Items from a data source
=-=-=-=-=

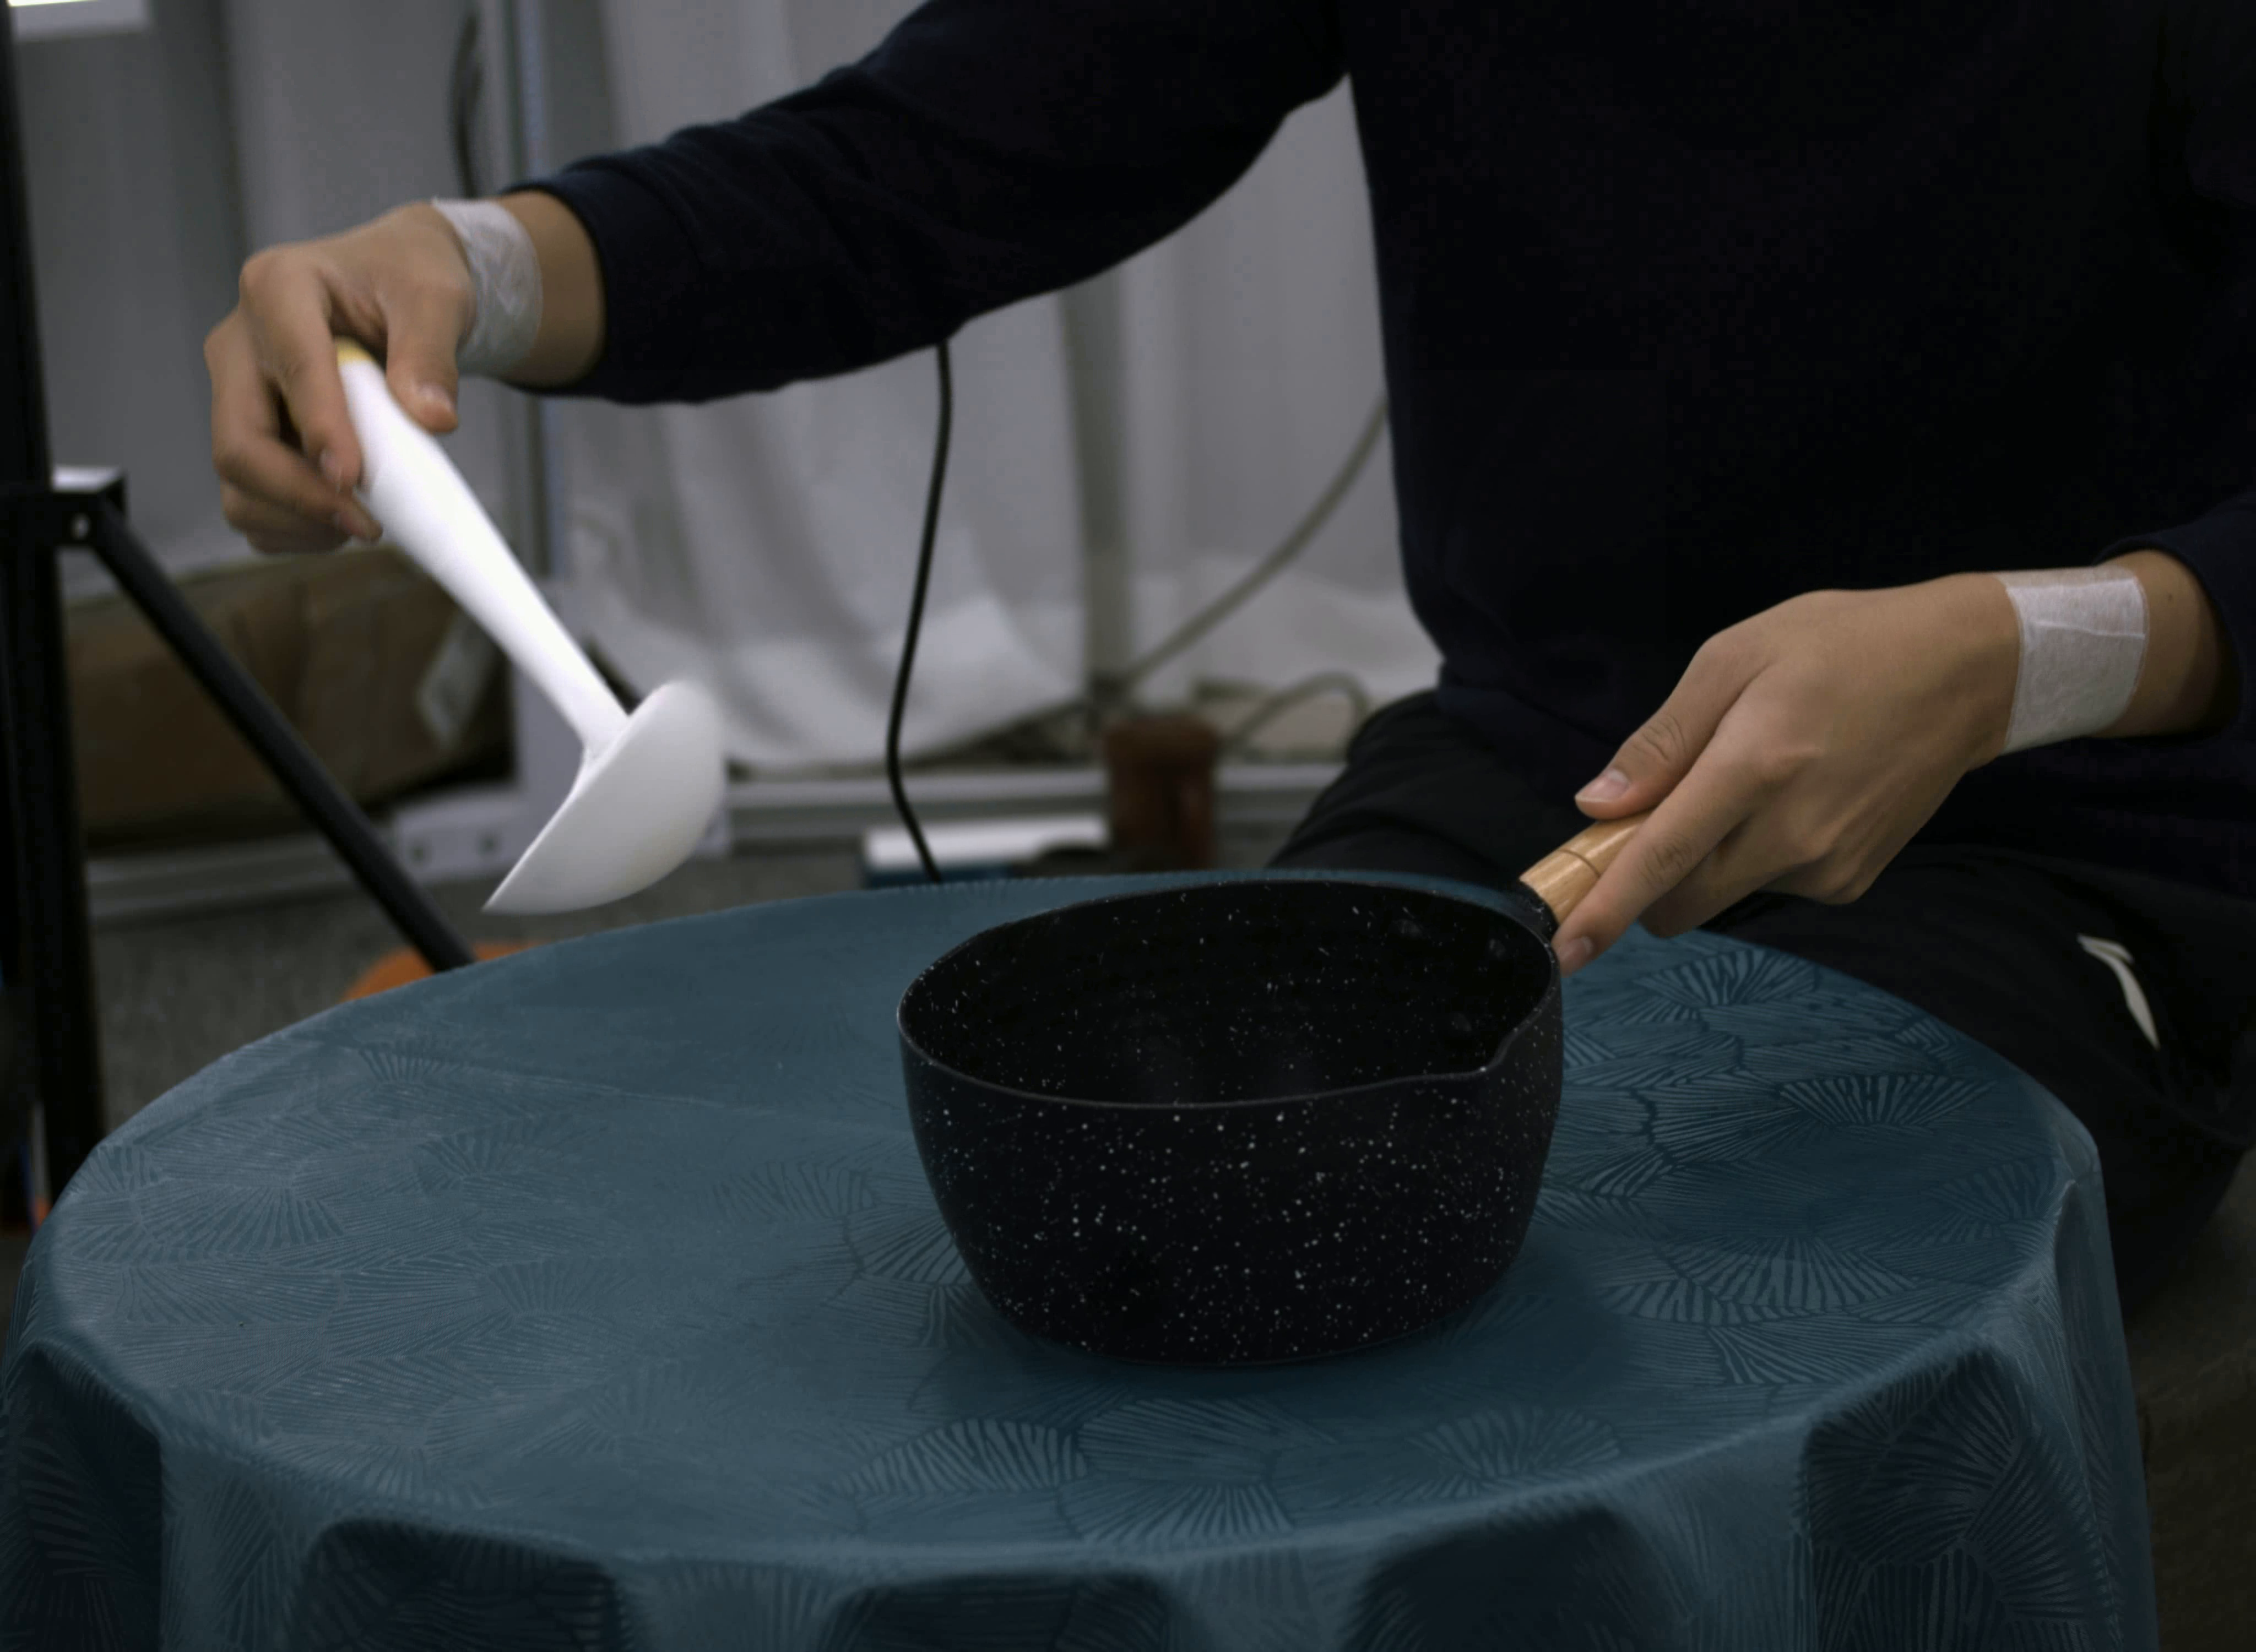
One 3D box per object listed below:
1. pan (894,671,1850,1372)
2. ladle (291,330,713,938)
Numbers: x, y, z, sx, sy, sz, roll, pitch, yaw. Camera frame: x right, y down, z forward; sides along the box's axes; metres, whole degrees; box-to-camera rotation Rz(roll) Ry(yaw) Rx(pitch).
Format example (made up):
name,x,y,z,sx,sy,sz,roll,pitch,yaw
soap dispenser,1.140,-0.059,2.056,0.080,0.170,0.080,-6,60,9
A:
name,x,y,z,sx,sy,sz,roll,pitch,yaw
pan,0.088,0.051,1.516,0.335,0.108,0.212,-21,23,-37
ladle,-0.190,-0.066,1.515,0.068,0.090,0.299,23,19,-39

=-=-=-=-=

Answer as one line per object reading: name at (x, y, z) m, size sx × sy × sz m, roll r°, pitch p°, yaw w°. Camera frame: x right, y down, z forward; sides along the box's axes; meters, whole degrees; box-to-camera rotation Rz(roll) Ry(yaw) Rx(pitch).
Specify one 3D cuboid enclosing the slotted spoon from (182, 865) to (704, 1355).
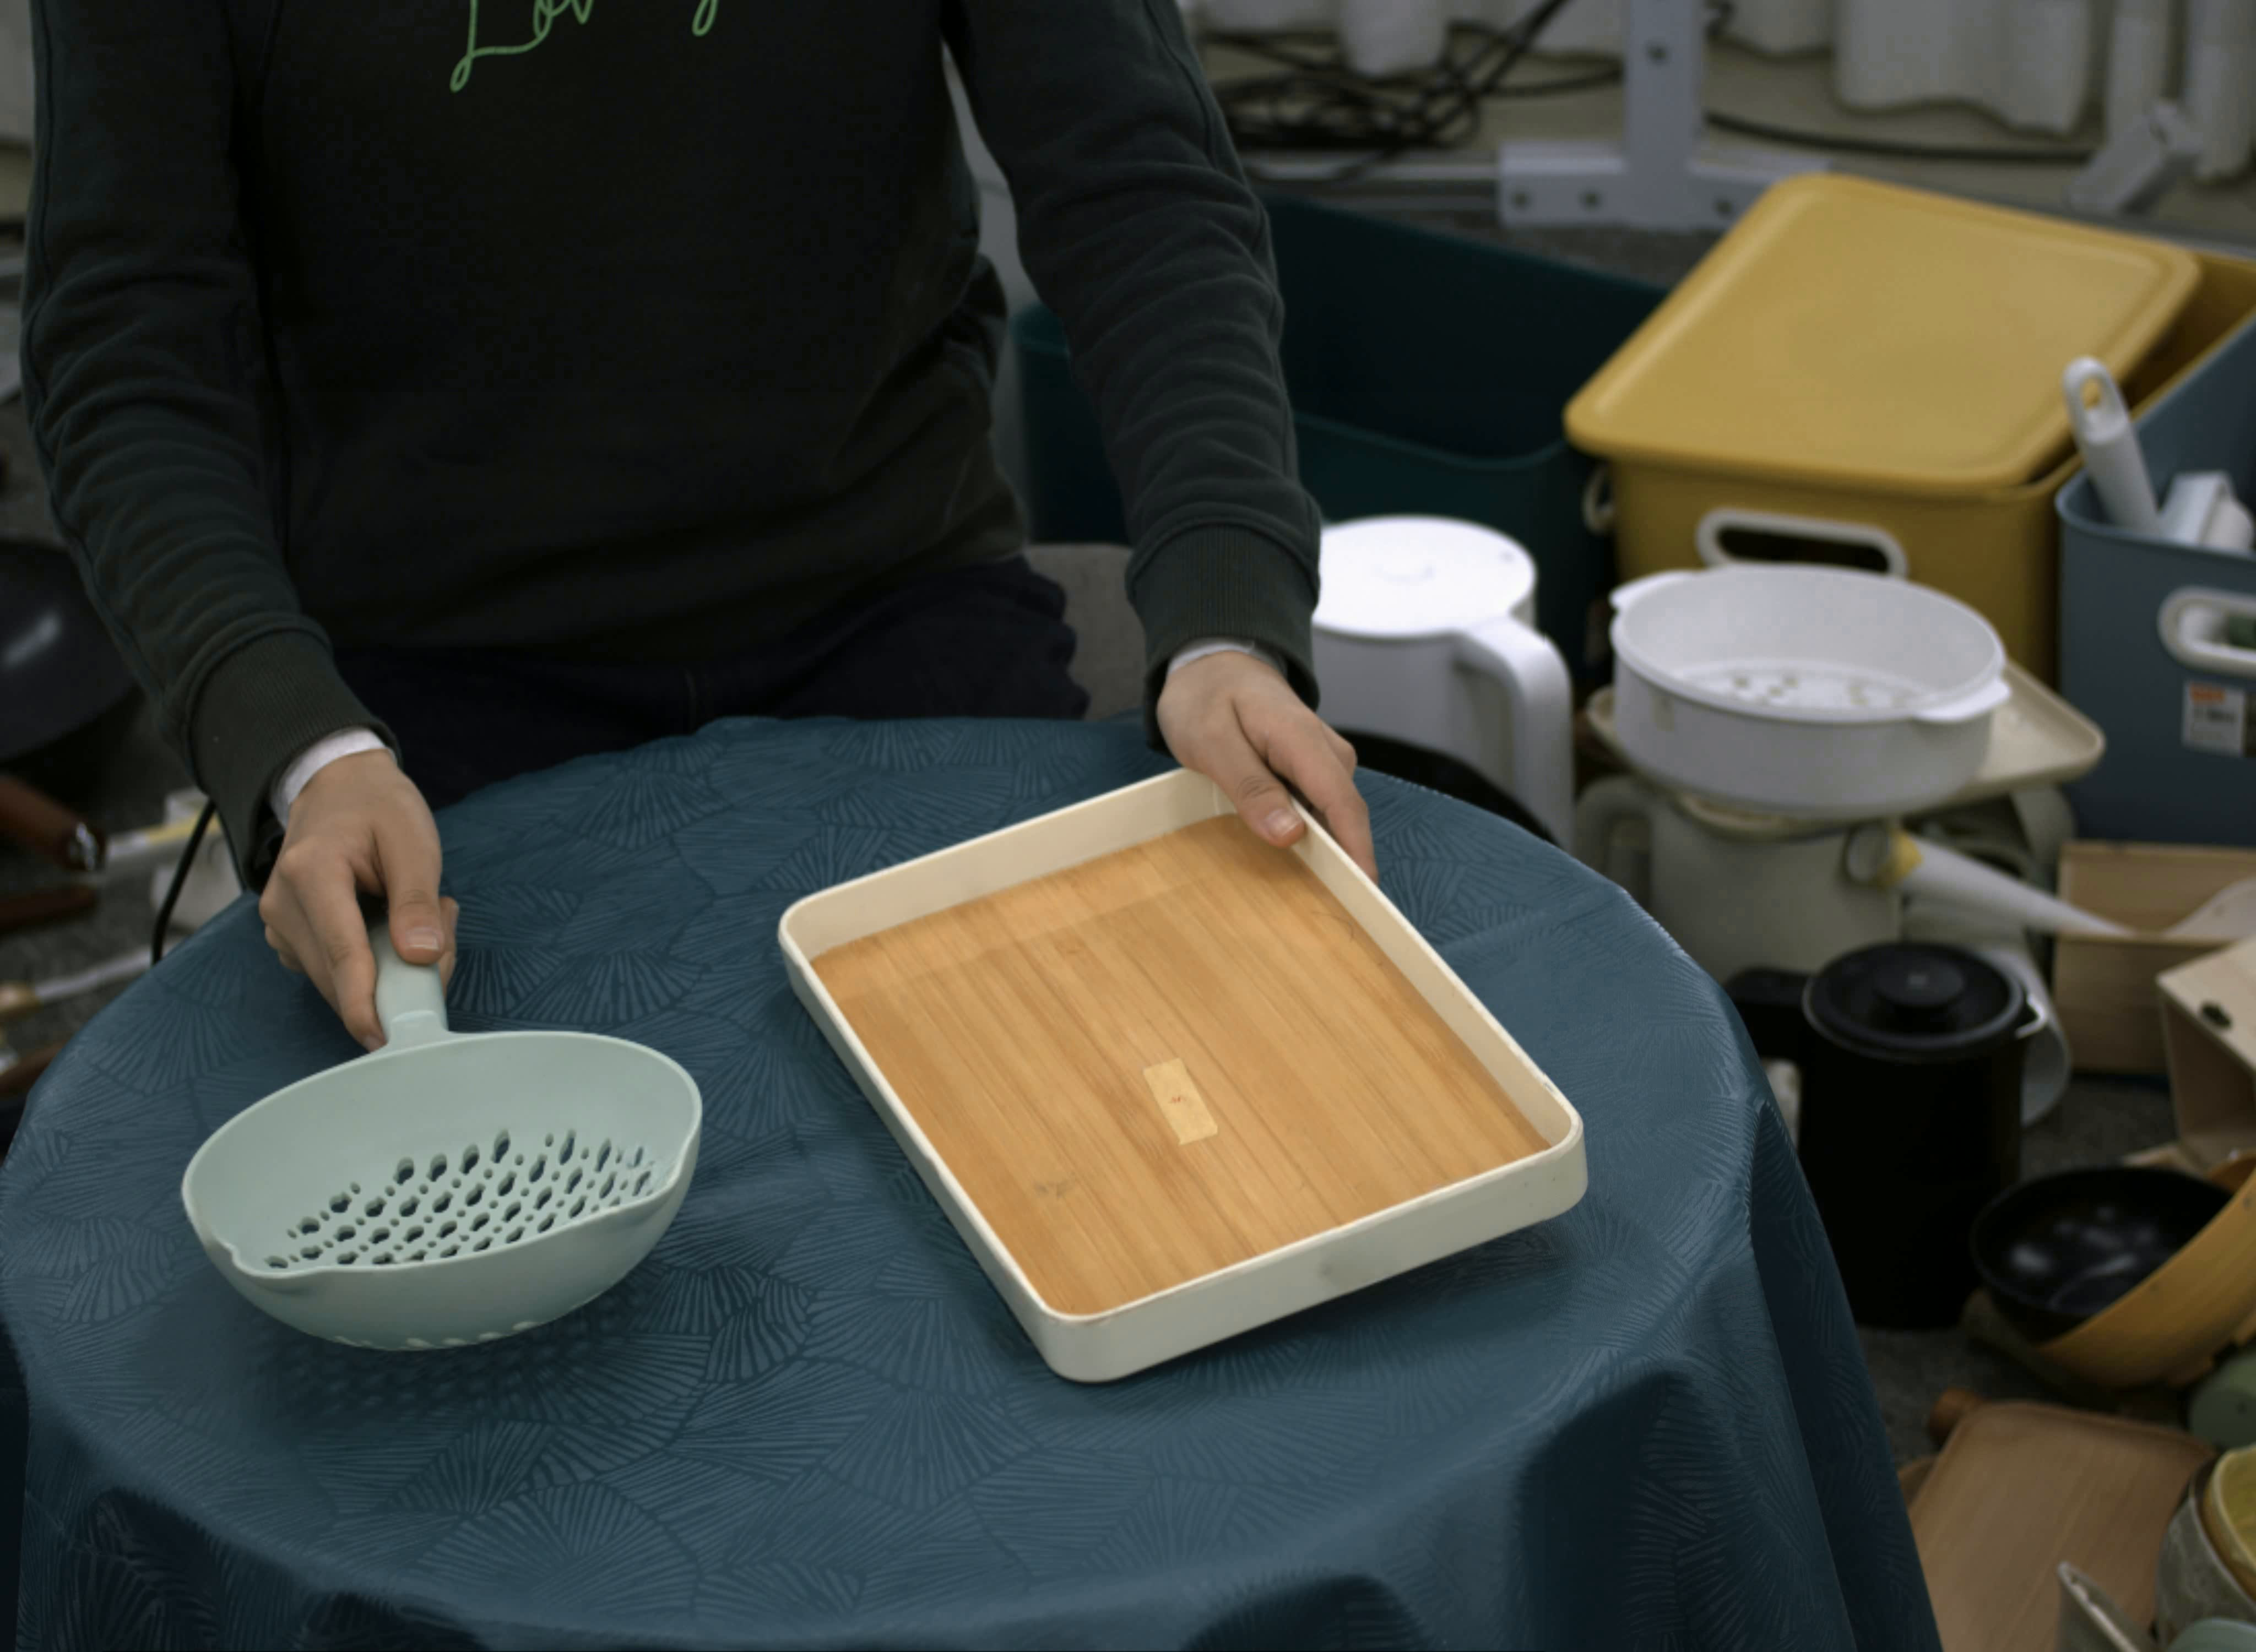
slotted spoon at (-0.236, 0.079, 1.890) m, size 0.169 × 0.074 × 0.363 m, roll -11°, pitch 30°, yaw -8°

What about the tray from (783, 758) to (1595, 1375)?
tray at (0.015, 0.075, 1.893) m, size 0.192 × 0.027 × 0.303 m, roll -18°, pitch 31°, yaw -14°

=-=-=-=-=

In the records, which lines use the word "down"? Report them.

▶ _Problem solution_
Numbers: x, y, z, sx, sy, sz, roll, pitch, yaw. Camera frame: x right, y down, z forward; sides along the box's axes; metres, whole degrees; box-to-camera rotation Rz(roll) Ry(yaw) Rx(pitch).
Answer as one line per object reading: name at (x, y, z) m, size sx × sy × sz m, roll r°, pitch p°, yaw w°. Camera frame: x right, y down, z forward; sides along the box's axes; meters, whole degrees; box-to-camera rotation Rz(roll) Ry(yaw) Rx(pitch).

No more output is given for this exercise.